Run Code from a Notebook

You can choose to run all code developed in a notebook at once, or one cell at a time.

Keyboard shortcuts for running code in a notebook are:
  • MacOS: Cmd + Return
  • Windows: Ctrl + Enter

You can run code in a single cell by clicking theNotebook play button Play button, or run the whole notebook by clicking Run all.

  1. On the Home page, click Workspace.
  2. Navigate to your notebook.
  3. Click Run all.
  4. Check the status of your notebook job run by clicking Workflow then Job Runs.

Run Code from Another Notebook

You can use %run magic command in a notebook to include code from another notebook.

In the following example, you bring in code from a notebook named called-notebook.ipynb, to a notebook caller-notebook.ipynb.
  1. Install the nbconvert Python library.
  2. Use the %run command in a cell, as in the following example:
    %run /Workspace/folder1/called-notebook.ipynb

After following these steps, the notebook named called-notebook.ipynb is immediately run using your user principal (i.e. caller-notebook.ipynb) and using the attached cluster of caller-notebook.ipynb. All the functions and variables defined in called-notebook.ipynb immediately become available in the notebook named caller-notebook.ipynb.

Create a Manual Run Job from a Notebook

You can create an unscheduled job that you can run manually from code you've developed in your notebook.

  1. On the Home page, click Workspace.
  2. Navigate to your notebook.
  3. Click Actions, then click Schedule.
  4. Provide a name and description for the job.
  5. Click Browse and select the location to store your job. Click Select.
  6. Select a compute cluster from the Cluster dropdown.
  7. For Schedule, select Manual Run.
  8. Click Create.

Create a Scheduled Job Run from a Notebook

You can create a scheduled job that runs automatically from code you've developed in your notebook.

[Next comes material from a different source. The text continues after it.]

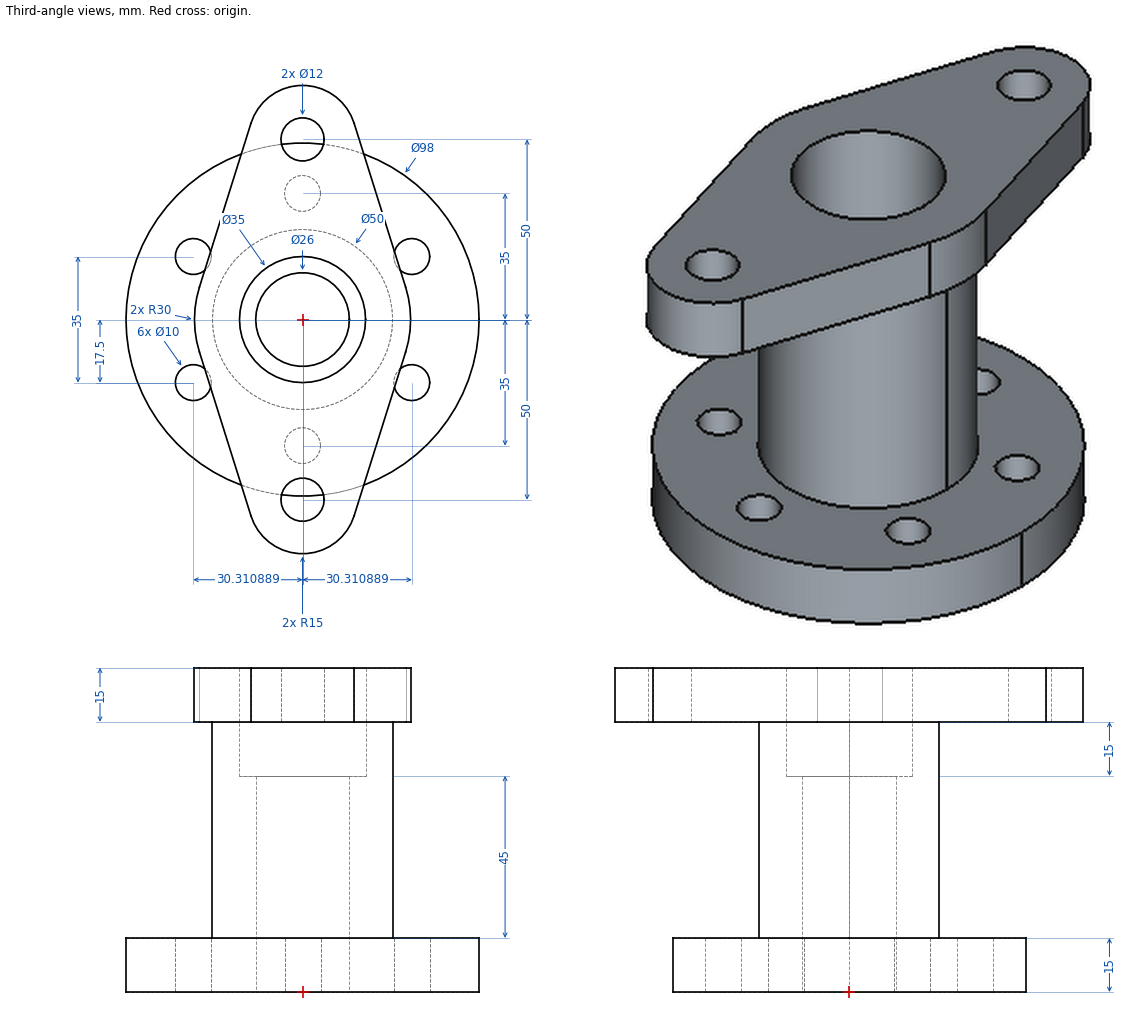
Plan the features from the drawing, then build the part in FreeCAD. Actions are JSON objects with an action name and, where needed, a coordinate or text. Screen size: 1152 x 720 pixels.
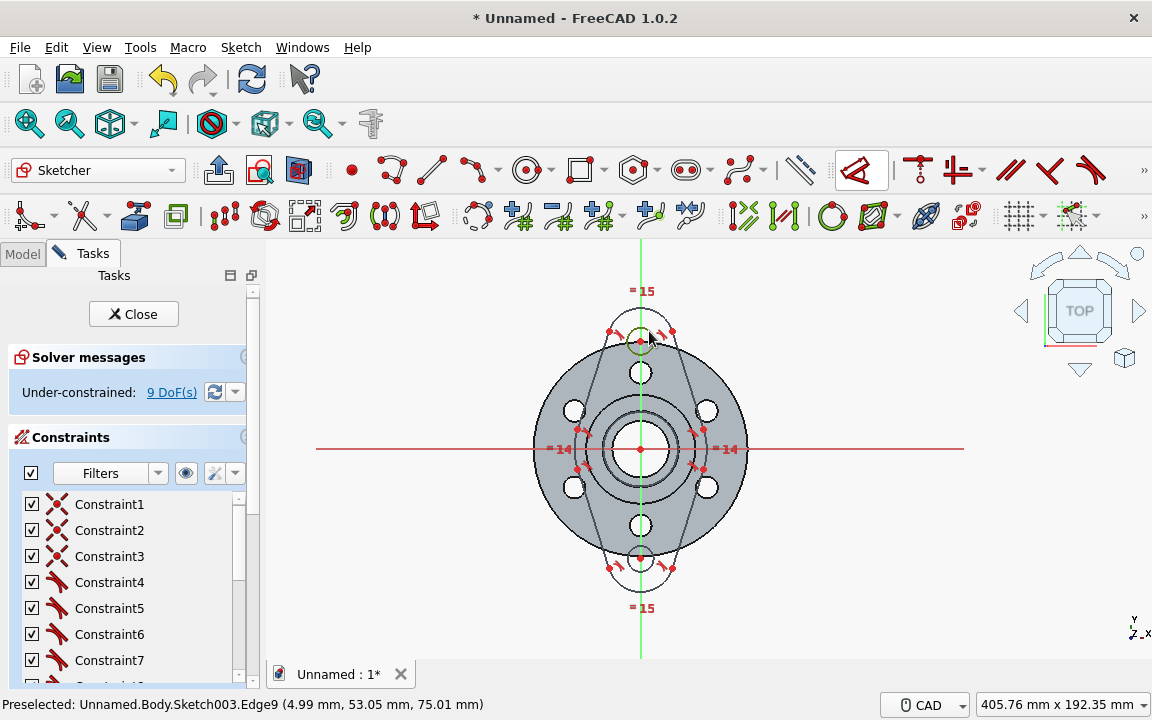
{"action": "scroll", "coordinate": [650, 550], "scroll_direction": "up", "scroll_amount": 3}
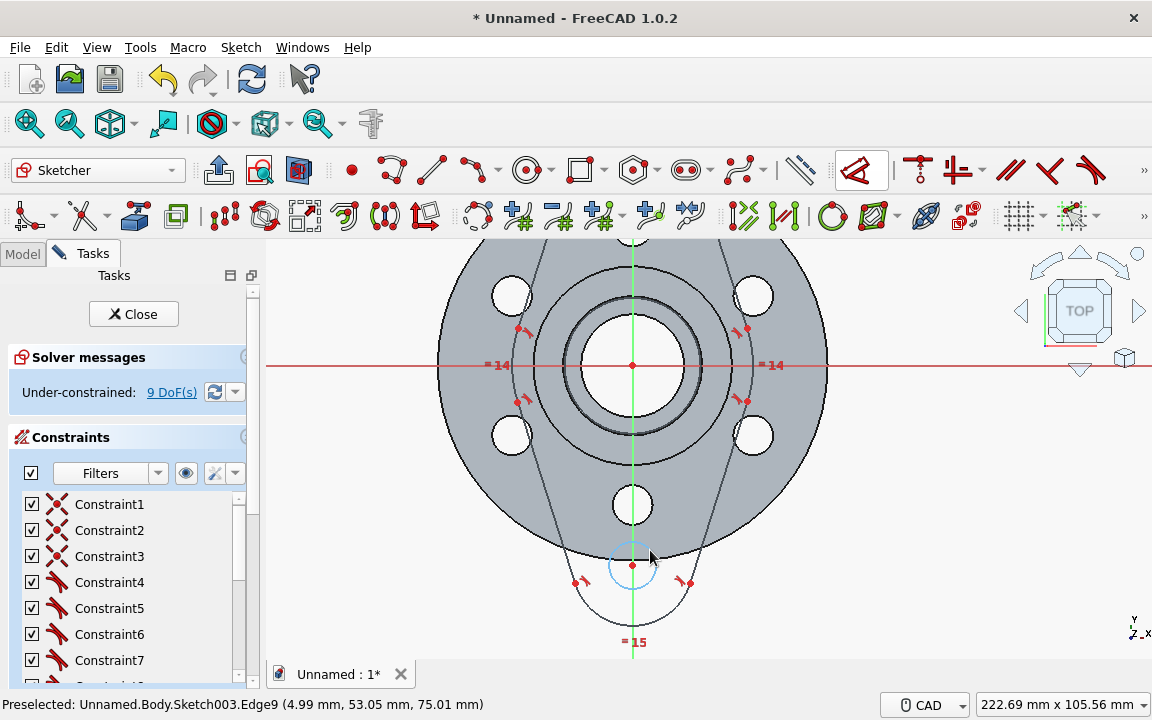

  1. On the Home page, click Workspace.
  2. Navigate to your notebook.
  3. Click Actions, then click Schedule.
  4. Provide a name and description for the job.
  5. Click Browse and select the location to store your job. Click Select.
  6. Select a compute cluster from the Cluster dropdown.
  7. For Schedule, select Schedule.
  8. Select a Schedule Status.
    • Select Active if you want the schedule to be enabled immediately.
    • Select Paused if you want to manually enable the scheduled run at a later time.
  9. Provide a time zone for the schedule to be based on.
  10. Select the Schedule Type.
    • For Calendar, you must specify the frequency and which hours or days the schedule will repeat on.
    • For Cron Expression, you must provide the schedule in the form of a cron expression.
  11. Check the listed run time at the bottom to confirm your schedule is correct. Click Create.